I'm Ellen's name, Ellen. What a shitty name for a little girl in the 80s. Ellen is a 60s, maybe a 70s name. I suck.

by Anonymousreply 291March 26, 2017 3:00 PM

Better than Deirdra.

by Anonymousreply 292March 26, 2017 3:01 PM

I'm the NYC subway in the 80s. I'm covered in Hep C.

by Anonymousreply 293March 26, 2017 4:08 PM

r279, so you were a whore at 10?

by Anonymousreply 294March 26, 2017 4:09 PM

[quote] I'm Glenn Close viewed as sexy and attractive to straight men in 1980s cinema.

I'm Michael Douglas being forgiven by gay men for how [italic]A Chorus Line[/italic] turned out on screen after this got my career back on track.

by Anonymousreply 295March 26, 2017 4:17 PM

I'm the OP.

I can't believe this is still running.

(Yet you ignore my attempts to start a thread on "UNfaithful" for some reason).

by Anonymousreply 296March 26, 2017 4:24 PM

r296, You know people only care about women who are crazy and unhinged. All jokes aside, I just saw Unfaithful recently and it is criminally underrated.

by Anonymousreply 297March 26, 2017 4:27 PM

[quote] You know people only care about women who are crazy and unhinged.

OH...yes, yes, yes, yes..yes.

You're right of course.

But when you say 'people' you mean 'gay men only care about women who are crazy and unhinged'.

They love them with with all their soul(s).

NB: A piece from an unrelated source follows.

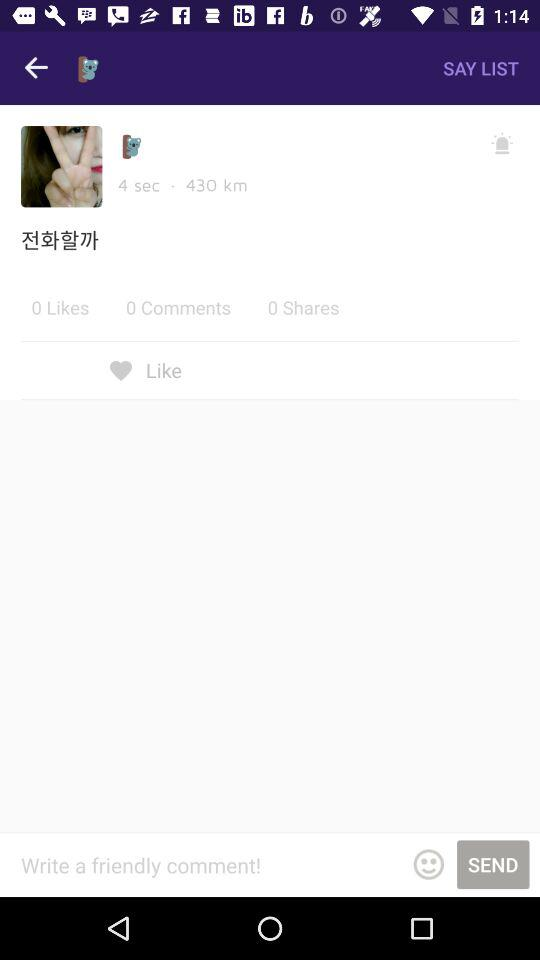How much is the distance mentioned? The distance mentioned is 430 km.

by Anonymousreply 298March 26, 2017 4:31 PM

[quote]But when you say 'people' you mean 'gay men only care about women who are crazy and unhinged'. They love them with with all their soul(s).

When the media makes it difficult to find openly gay male role models, you settle for the next closest thing.

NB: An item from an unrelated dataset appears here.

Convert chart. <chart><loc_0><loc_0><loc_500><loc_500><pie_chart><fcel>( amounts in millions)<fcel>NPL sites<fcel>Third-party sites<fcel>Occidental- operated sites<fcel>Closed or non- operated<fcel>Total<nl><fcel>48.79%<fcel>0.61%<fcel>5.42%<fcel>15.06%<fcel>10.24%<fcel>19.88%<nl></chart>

by Anonymousreply 299March 26, 2017 5:19 PM

I want a sequel. Alex survived n she stalks Dan on Instagram. With the original cast.

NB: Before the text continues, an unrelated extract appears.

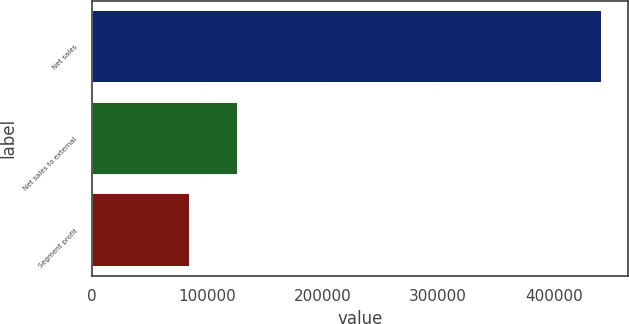<chart> <loc_0><loc_0><loc_500><loc_500><bar_chart><fcel>Net sales<fcel>Net sales to external<fcel>Segment profit<nl><fcel>442054<fcel>126476<fcel>85363<nl></chart>

by Anonymousreply 300March 26, 2017 5:25 PM

r296 Like Unfaithful very much, but it has nowhere near the pop culture impact or legacy that Fatal Attraction has.

by Anonymousreply 301March 26, 2017 6:24 PM

I didn't really know Fatal Attraction had a 'pop culture impact or legacy' when I started this thread.

I just thought it was unintentionally funny.

by Anonymousreply 302March 26, 2017 6:28 PM

No, R294. I grew up in the 80s when PSA about AIDS were everywhere all the time scaring the shit out of anyone. I knew was safe sex was at, like, 8. Like millions of other kids in the world in the 80s.

by Anonymousreply 303March 26, 2017 6:28 PM

How old are you, OP? (Not trying to be a douche, but just wondering).

Fatal Attraction will be turning 30 this year. The boiling bunny, light turning on and off, and Alex-turns-into-Jason-Voorhies bathtub bloodbath are all part of pop culture.

I remember back in the day, the sitcom Head of the Class had an episode dedicated to the movie, where the classmates argued about the film, some sympathizing with Alex and how she was treated by Dan.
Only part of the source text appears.